The U.S. Department of Education study, which was published this past spring, announced that “nearly 240 schools [0.2 percent of all schools]… reported at least one incident involving a school-related shooting,” during the 2015-2016 academic year, NPR reported.

Those figures were based on self-reported statistics provided by every school district in the country.

In partnership with Child Trends, a nonprofit research group, NPR contacted each of the 235 schools that reported having a shooting, and discovered that only 11 of the reported incidents could be confirmed has having occurred.

Fifty-nine schools did not respond to NPR’s request for information.

In the remaining 161 cases, the districts or schools told NPR that either the incident never took place, or that they were unable to confirm it had taken place.

Four of the 161 schools told NPR that “something” happened, but that it did not meet the government’s definition of a shooting.

The U.S. Department of Education defined a shooting as “any discharge of a weapon at school-sponsored events or on school buses.”

Similarly, the Everytown for Gun Safety database “found just 29 shootings at K-12 schools” during the period reported by the U.S. Department of Education.

And the American Civil Liberties Union (ACLU) of Southern California “was able to confirm fewer than a dozen of the incidents in the government’s report,” NPR reported.

"When we're talking about such an important and rare event, [this] amount of data error could be very meaningful," Child Trends researcher and program director Deborah Temkin told NPR.

The survey is administered by the department’s Office for Civil Rights every two years. By law, every public school is required to respond.

“I think someone pushed the wrong button,” said Jeff Davis, the assistant superintendent at the Ventura Unified School District in California, where a whopping 26 school shootings were reported to have occurred.

Davis said that the former superintendent “has been here for almost 30 years and he doesn’t remember any shooting. We are in this weird vortex of what’s on this screen and what reality is.”

Nearby, NPR said the Santa Monica-Malibu Unified School District reported four shootings at their 16 schools.

However, district spokeswoman Gail Pinsker said nobody can remember any incident involving a firearm "going back 20-plus years."

Pinsker said she suspected there had been a coding error because the closest thing the district could find was an incident involving a pair of scissors, NPR reported.

Meanwhile, the Cleveland Metropolitan School District mistakenly reported their 37 incidents of “possession of knife or a firearm” on the wrong line, thereby falsely reporting that they experienced 37 shooting incidents instead.

Another district reported an incident of a child firing a toy cap gun on a school bus, while another included an instance where a student took a photo while holding a gun and posted it to social media – neither of which met the government’s definition of a shooting.

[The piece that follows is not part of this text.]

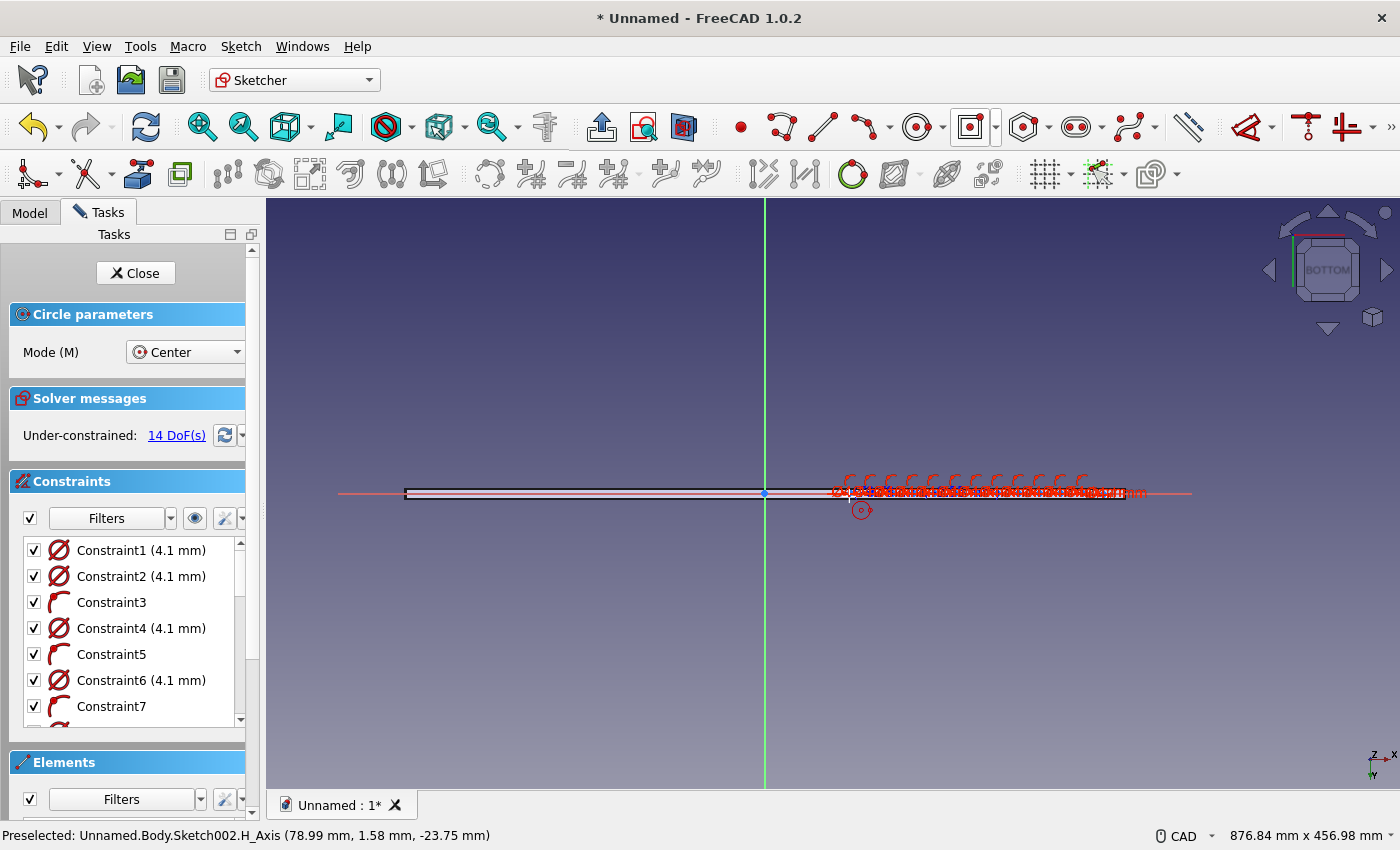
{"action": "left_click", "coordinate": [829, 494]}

Many schools complained of the confusing wording and definitions listed on the survey, to include asking about two issues – such as a firearm or an explosive device – in the same question.

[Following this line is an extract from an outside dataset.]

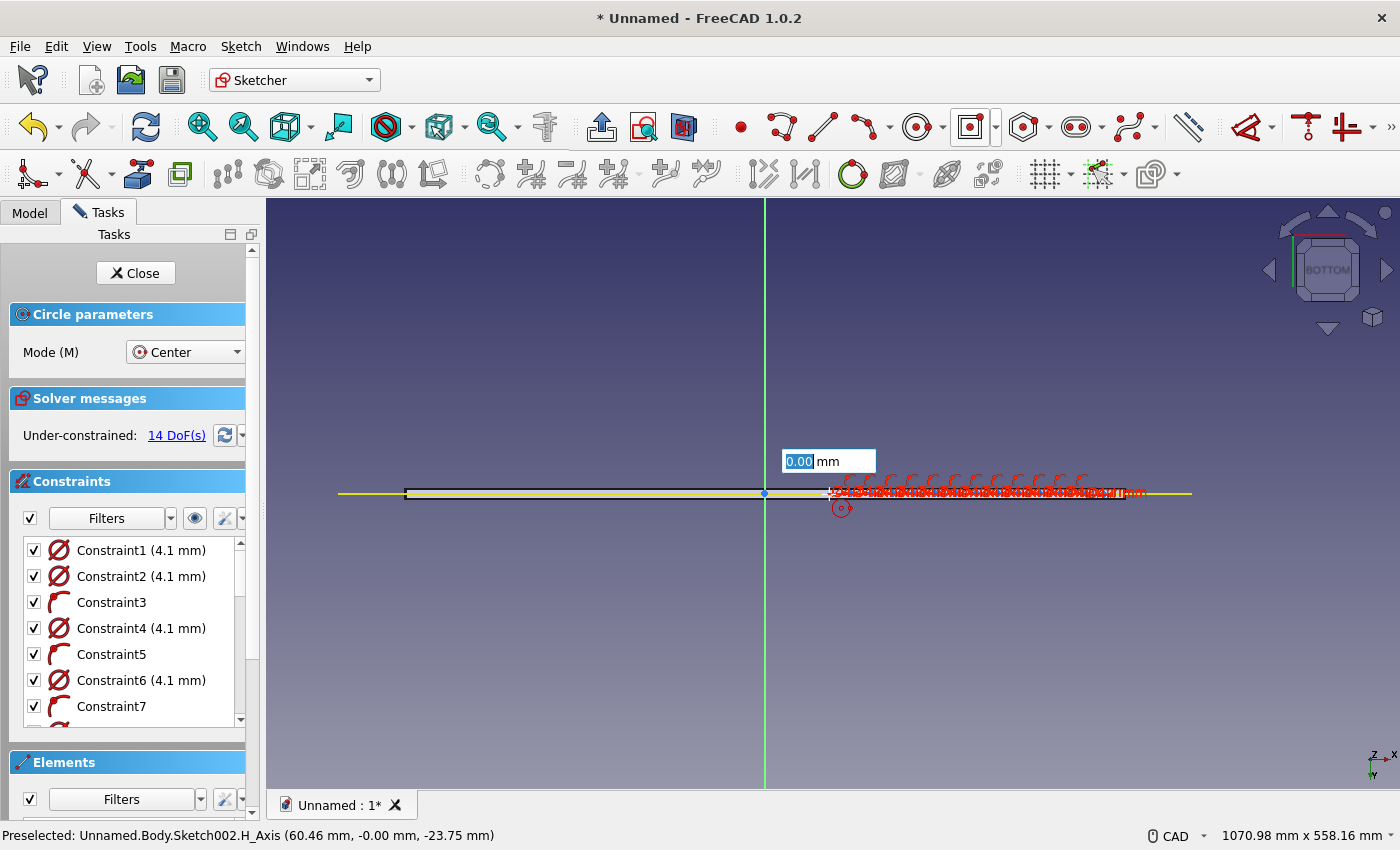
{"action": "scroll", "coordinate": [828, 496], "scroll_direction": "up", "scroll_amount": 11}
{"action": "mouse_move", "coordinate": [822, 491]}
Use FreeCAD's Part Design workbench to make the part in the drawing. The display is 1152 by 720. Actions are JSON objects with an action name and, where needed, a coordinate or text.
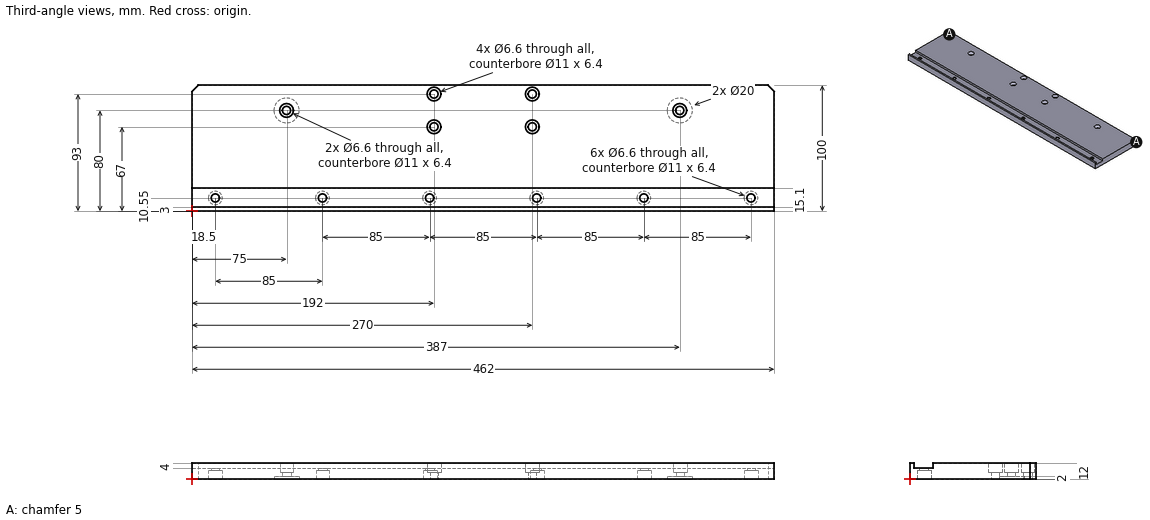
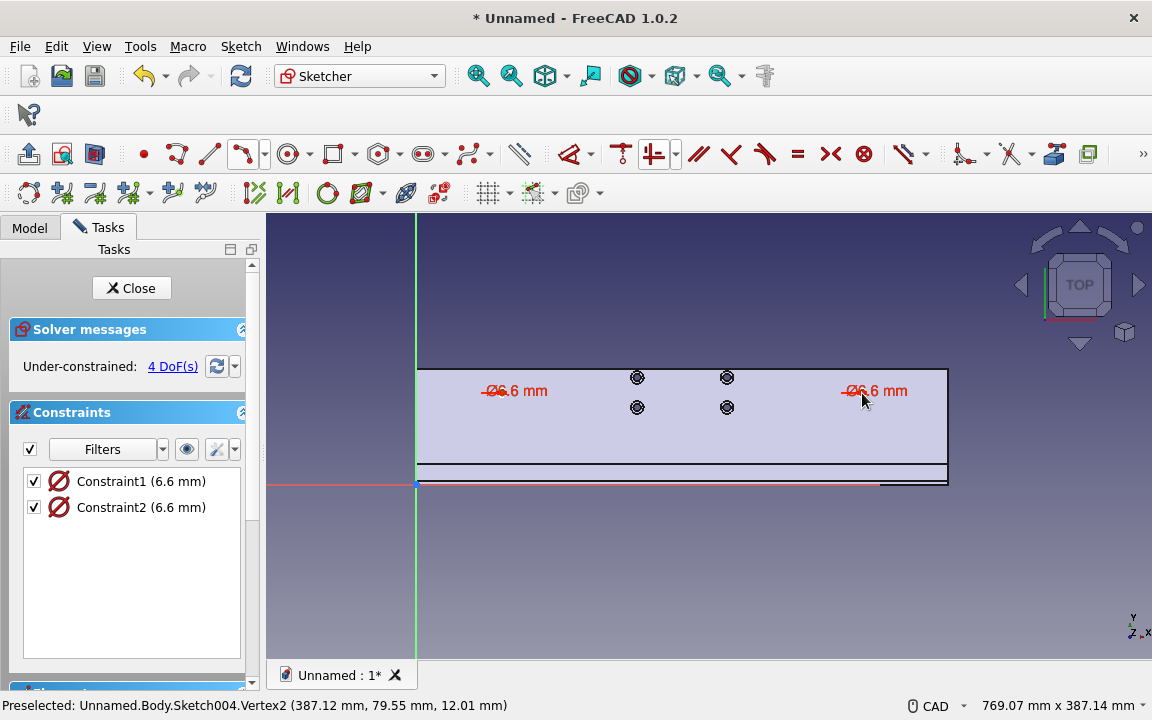
{"action": "left_click", "coordinate": [676, 154]}

"Best practices in data collection are not to include double-barreled items," Temkin explained.

Although at least five school districts have requested that the information they submitted for the study be amended, the report will not be republished to reflect accurate information, U.S. Department of Education spokeswoman Liz Hill told NPR.

"As always, data reported by recipients is self-reported and self-certified,” Hill said, noting that the schools were the ones at fault for any instances of “misreporting.”